Managing and keeping tabs of network traffic on Linux
Is your Net connection slow? Ever wonder what the hell's going down the wire? Here are five free and effective tools to diagnose network traffic issues.
If you've been using Linux for a while, no doubt you're already amazed with the amount of software there is for you to use, for free. My own last count revealed in excess of three thousand applications ready to install and use. But how do we find the gems?
Look no further, because here they are. These are tools I use on a daily basis to both diagnose my own Internet connections and network performance in remote hosts. You can't claim to be a network management expert if you haven't used at least 5 of these tools, but you don't need to be an expert to use them either, because they're brutally easy to use.
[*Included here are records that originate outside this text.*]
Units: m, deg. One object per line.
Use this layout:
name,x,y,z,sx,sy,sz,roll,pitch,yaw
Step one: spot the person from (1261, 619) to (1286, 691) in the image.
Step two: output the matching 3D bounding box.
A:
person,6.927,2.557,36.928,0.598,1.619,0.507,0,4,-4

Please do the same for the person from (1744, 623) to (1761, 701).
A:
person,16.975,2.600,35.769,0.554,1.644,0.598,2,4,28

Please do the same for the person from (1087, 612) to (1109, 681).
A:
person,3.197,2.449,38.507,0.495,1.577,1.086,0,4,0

The net essentials in our toolbox
Let's explore the first three tools in our toolset. They're powerful and easy enough for you to get an overview of what's going on with your Net connection.
KSysGuard: view aggregate network traffic
My favorite, in all aspects, is KSysGuard. With it, you can plot network usage for all your network interfaces (even though in 99% of all cases, there's only one network interface, and it's named eth0
). Take a look at this screenshot:
It's not black magic. It's a sheet divided in rectangles, where you can drag and drop the sensors listed on the left to any of the empty rectangles on the right. When you place any of the sensors on the left, KSysGuard starts plotting.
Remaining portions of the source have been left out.